All Glory to God
At the VCASS audition, I learned once again to ask for God’s peace to fill my heart and mind and keep me calm and composed. I wanted it to be a memorable and worthwhile experience. I didn’t want to blow it by being over nervous and worried – and what for? If my performance and the results are in God’s hands, I already have the victory and success in Him. Even if I do not get in, I will let it all go to God and learn to take the chill pill – simply benefit and grow from the experience.
Thankfully, I discover that whenever I truly place my trust in God, just perform and play out my heart unto Him, not even unto people, it will work out for good.
At the much anticipated audition, I only got to play like one-third of my pieces! How sad, right. I did not even manage to get to the best parts and the parts I practiced so much. But I believe the panel would’ve been able to gage my ability and level of playing even from the beginning (hopefully). Anyway, like I testified in my blog, God gave me the peace and I was not worried at all about how I would please the panel – there were five of them!
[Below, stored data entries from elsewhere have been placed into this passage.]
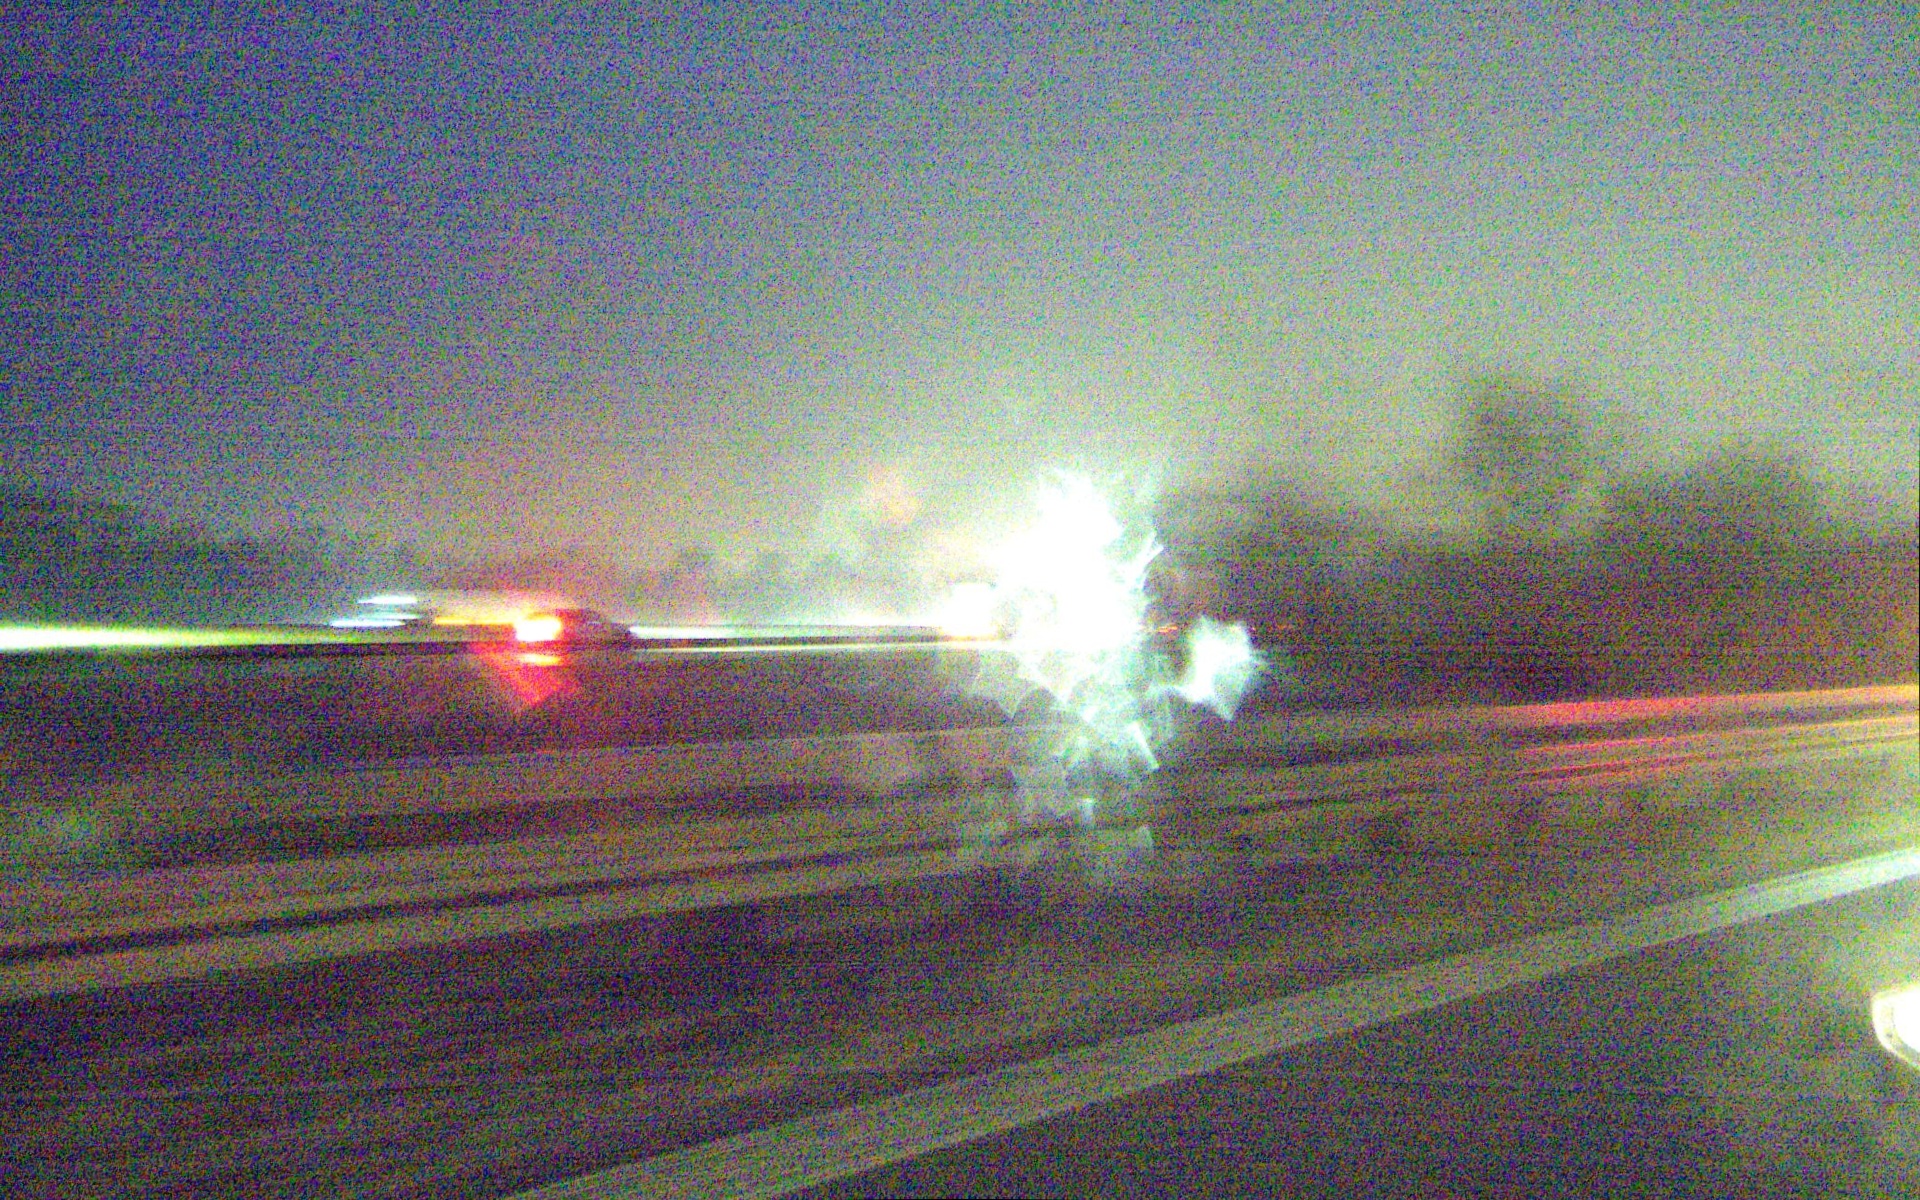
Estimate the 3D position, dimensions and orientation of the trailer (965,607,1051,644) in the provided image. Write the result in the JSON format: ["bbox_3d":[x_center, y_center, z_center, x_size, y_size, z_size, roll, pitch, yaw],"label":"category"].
[{"bbox_3d":[3.615,1.744,71.624,1.964,2.313,9.641,4,2,29],"label":"trailer"}]

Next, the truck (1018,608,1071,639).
[{"bbox_3d":[6.509,1.788,76.692,1.963,2.244,5.531,1,0,28],"label":"truck"}]

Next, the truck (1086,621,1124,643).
[{"bbox_3d":[15.474,3.358,107.101,1.962,2.040,7.248,3,1,25],"label":"truck"}]

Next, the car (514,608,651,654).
[{"bbox_3d":[-14.496,1.185,38.872,1.902,1.636,4.848,1,-1,28],"label":"car"}]
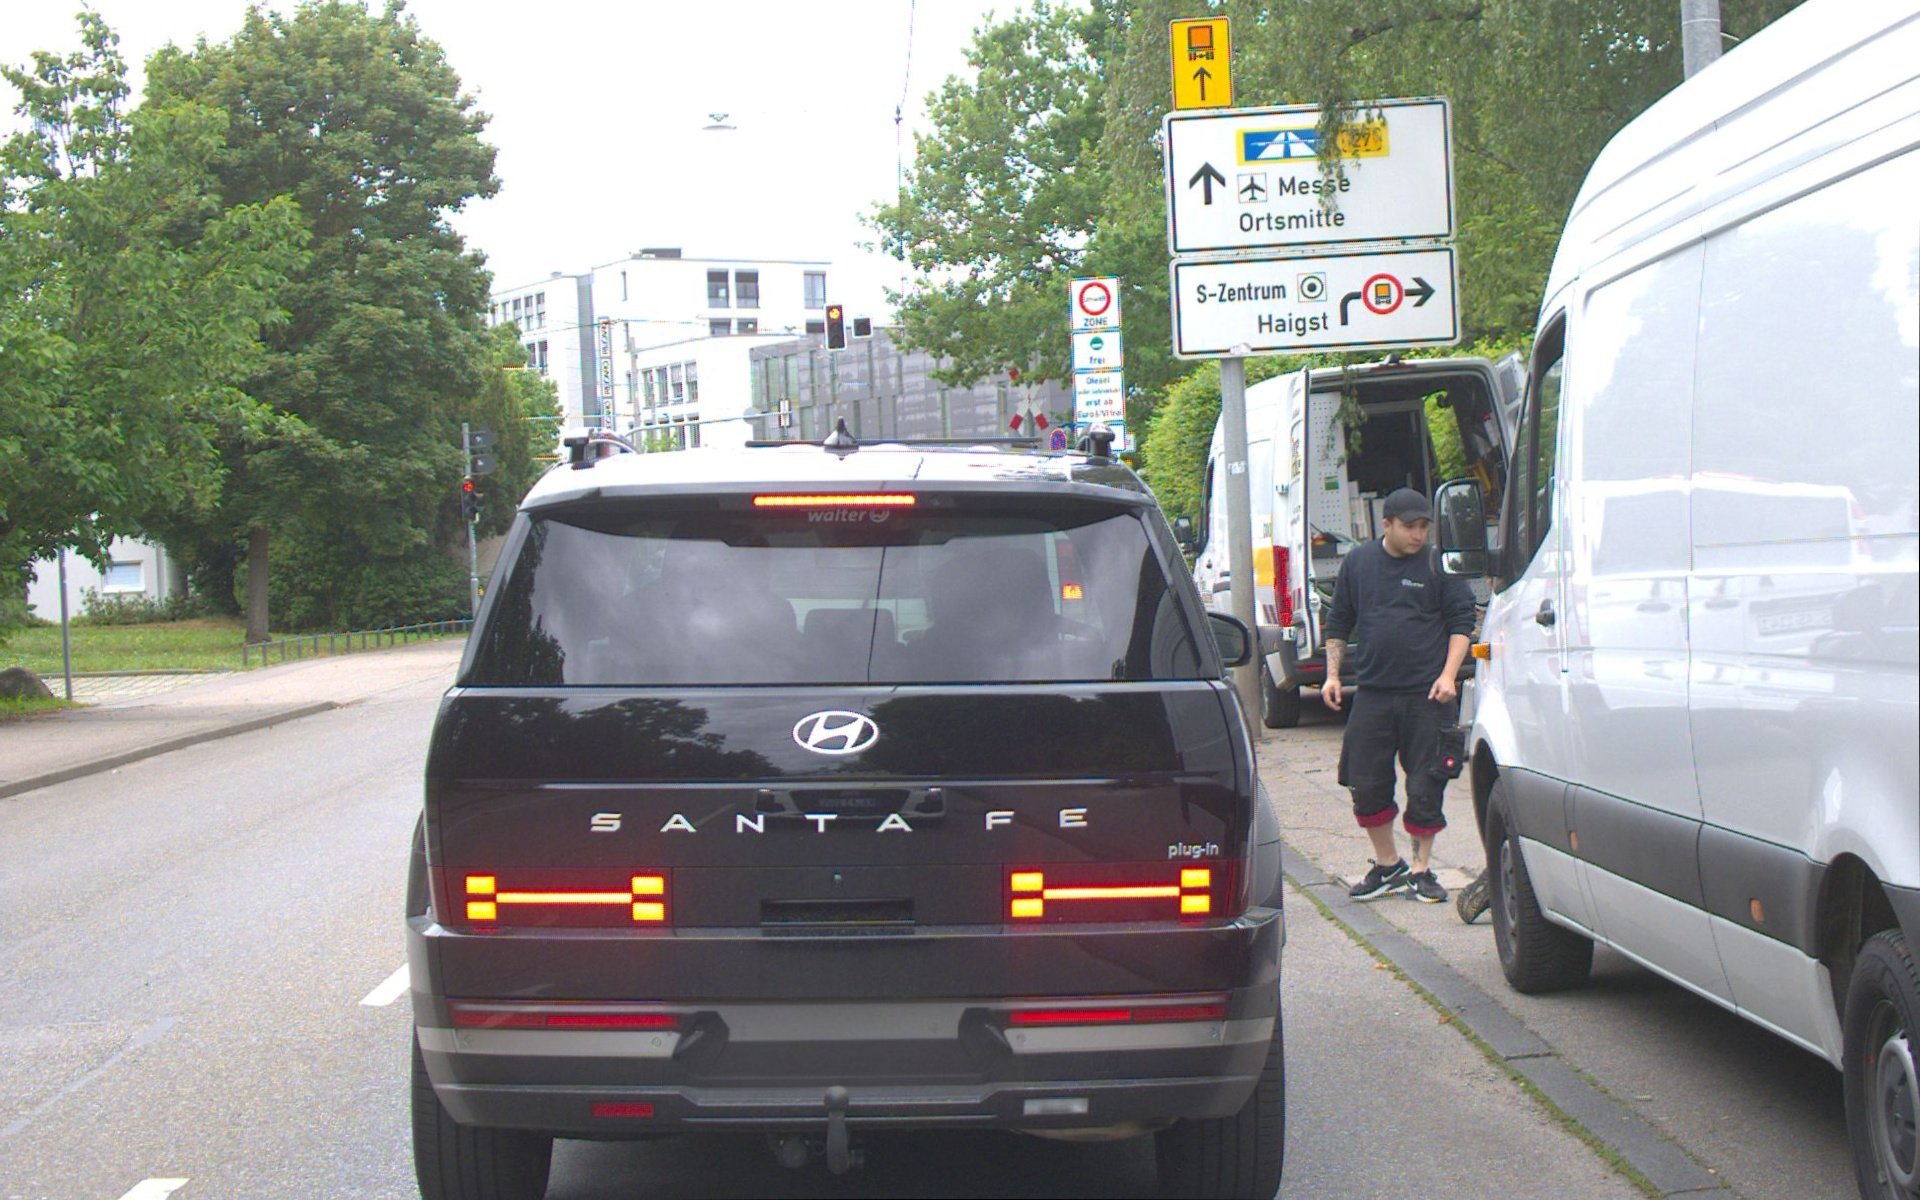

From now onwards, my main focus is to work on my TONE. It is almost the most important thing in piano playing. I regret that I’ve never been drilled with such core “foundation” principles all these years I’ve been playing. Tomorrow (my 16th birthday) will mark my 10th year playing the piano. God has led me this far, surely He will continue to reveal greater truths to me and lead me to more discoveries in music. NOW is only the BEGINNING.
Now that I am freed of this audition (that’s been pressurizing me for 4 months!) I can start pursuing new songs and challenge myself with another load of repertoire. Exciting, fun, and another season of sweat and tears to pour into my music! Haha, “why so serious?” right. But seriously, I AM dead serious. “Inspiration comes with perspiration” – wise words from my bestie Joyce Shamini. ;)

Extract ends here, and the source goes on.